Records provided
=== Section Start ===

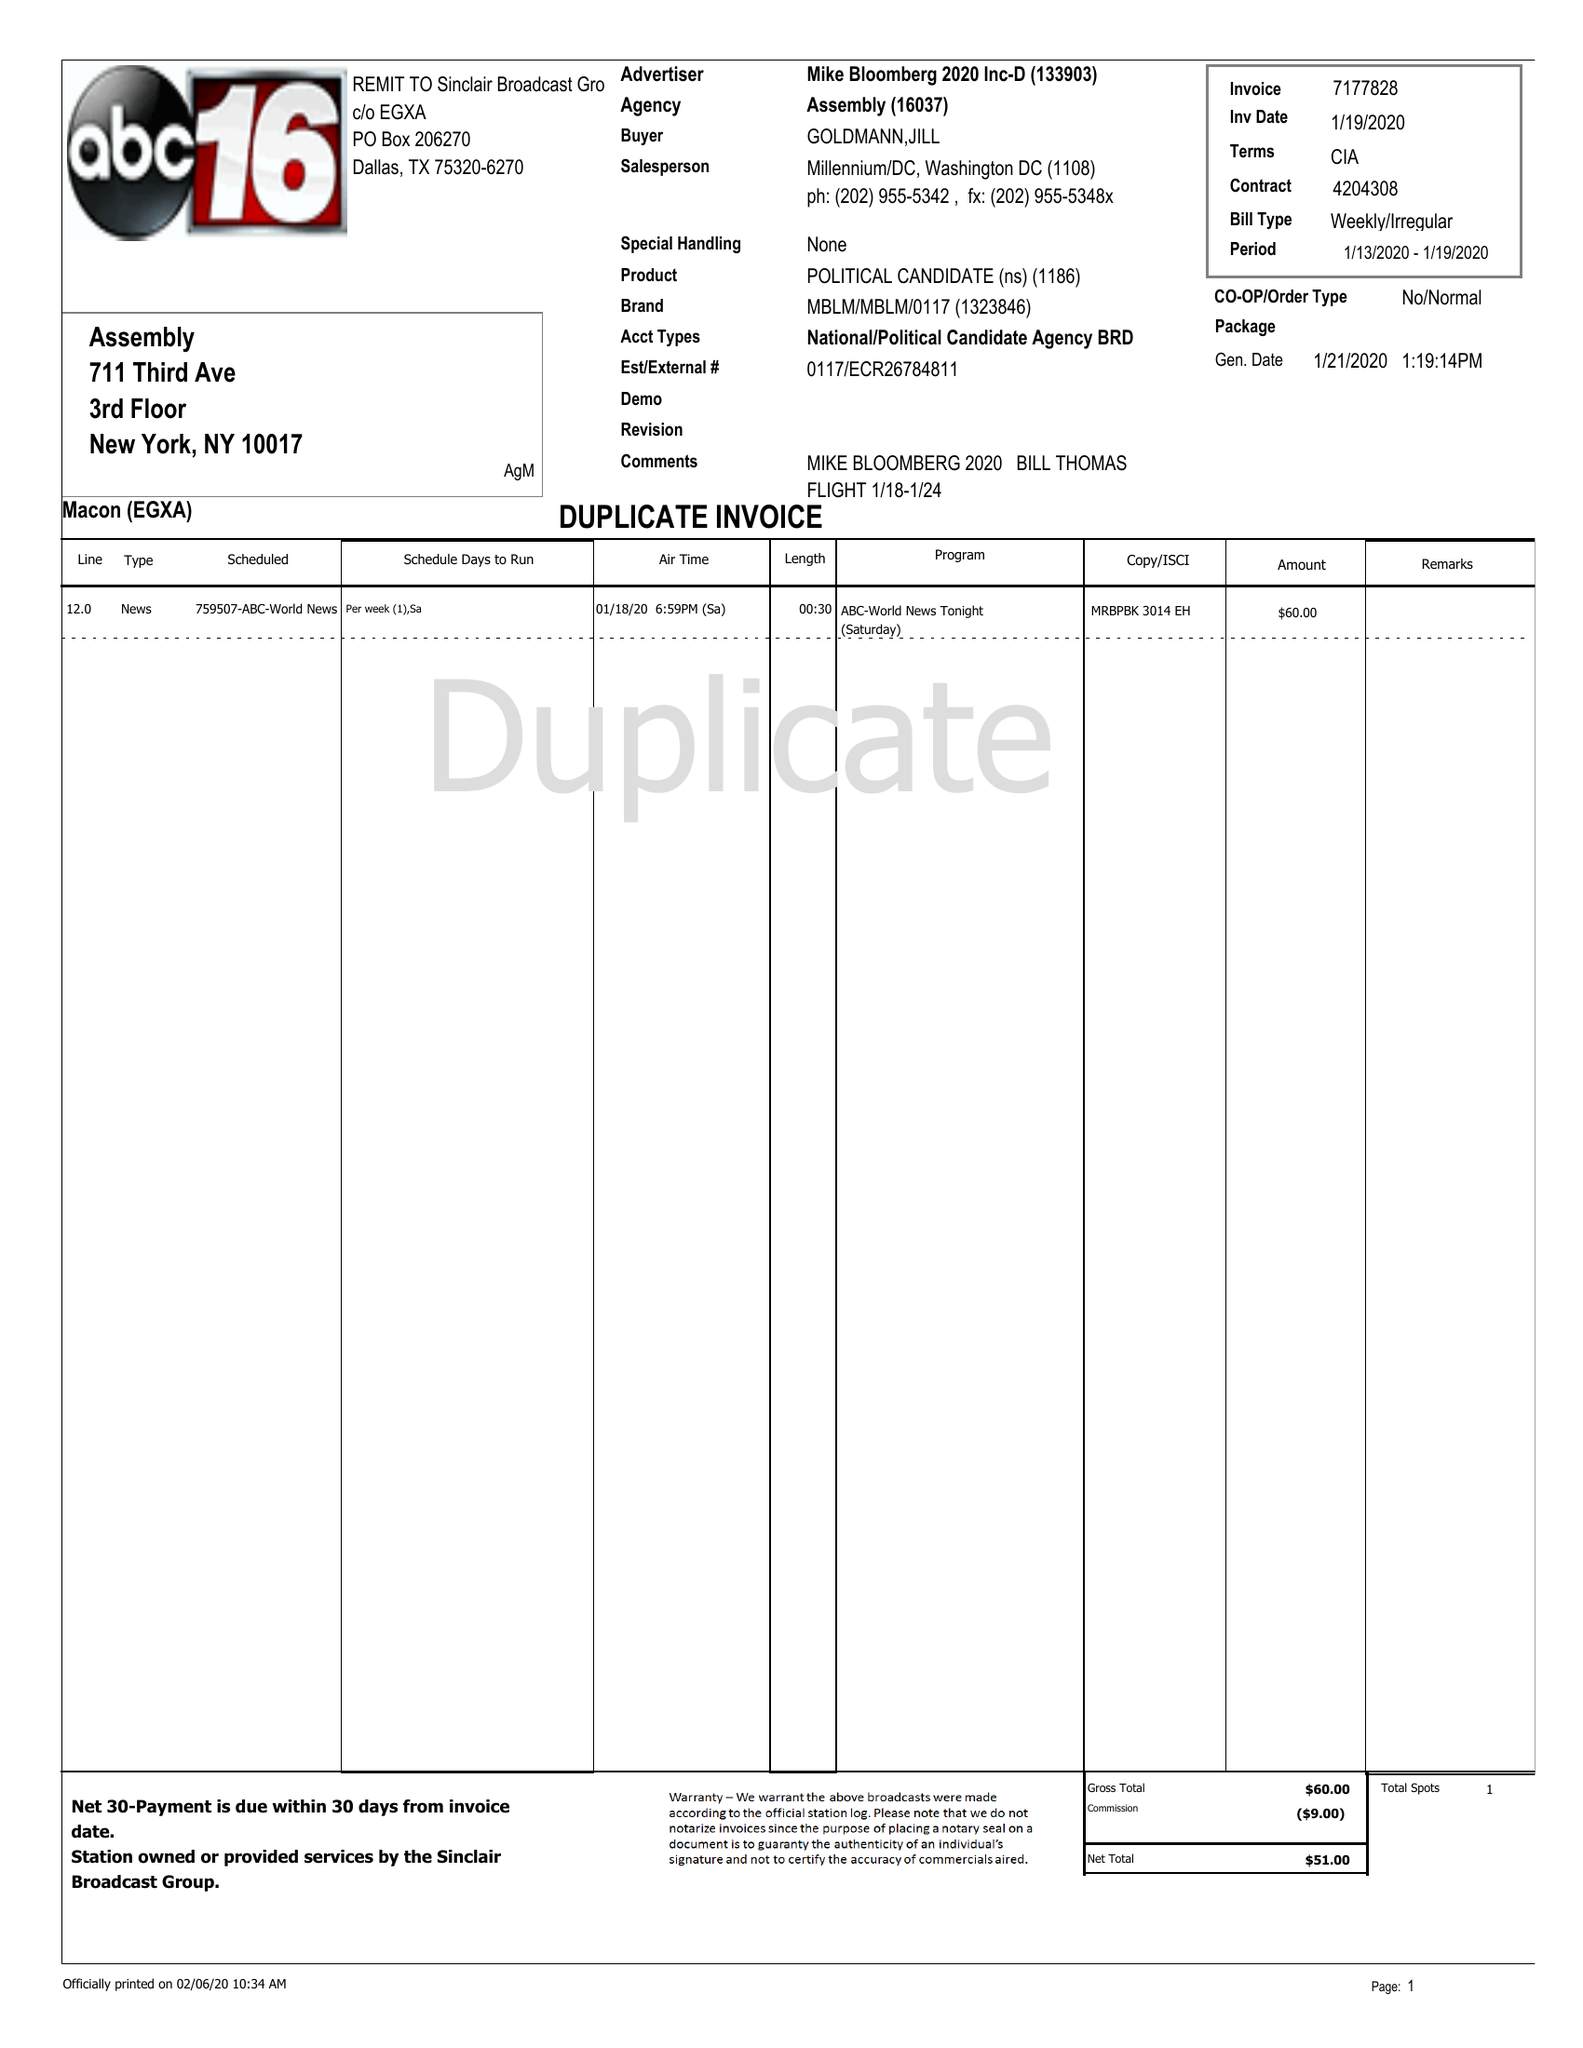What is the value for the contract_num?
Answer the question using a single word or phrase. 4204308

=== Section End ===
=== Section Start ===

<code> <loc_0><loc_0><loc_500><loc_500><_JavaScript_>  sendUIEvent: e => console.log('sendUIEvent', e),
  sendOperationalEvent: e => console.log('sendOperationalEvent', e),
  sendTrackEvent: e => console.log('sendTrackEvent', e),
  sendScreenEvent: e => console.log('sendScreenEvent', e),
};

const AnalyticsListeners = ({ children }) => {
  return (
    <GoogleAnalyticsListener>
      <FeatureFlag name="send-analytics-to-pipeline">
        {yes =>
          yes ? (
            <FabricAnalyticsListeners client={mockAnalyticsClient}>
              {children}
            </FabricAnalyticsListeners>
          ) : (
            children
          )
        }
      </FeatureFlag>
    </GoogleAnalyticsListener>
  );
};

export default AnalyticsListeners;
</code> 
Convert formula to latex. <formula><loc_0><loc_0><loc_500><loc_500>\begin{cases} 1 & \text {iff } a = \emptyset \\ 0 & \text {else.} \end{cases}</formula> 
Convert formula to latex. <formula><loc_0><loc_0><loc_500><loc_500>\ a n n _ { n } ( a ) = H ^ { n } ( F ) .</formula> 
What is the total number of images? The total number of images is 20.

=== Section End ===

Work item
Pictures aside, return exactly the lines from the data above, starting at the line that has "What is the value for the contract_num?" and ending at the line that has "Answer the question", both included.

Written solution
What is the value for the contract_num?
Answer the question using a single word or phrase. 4204308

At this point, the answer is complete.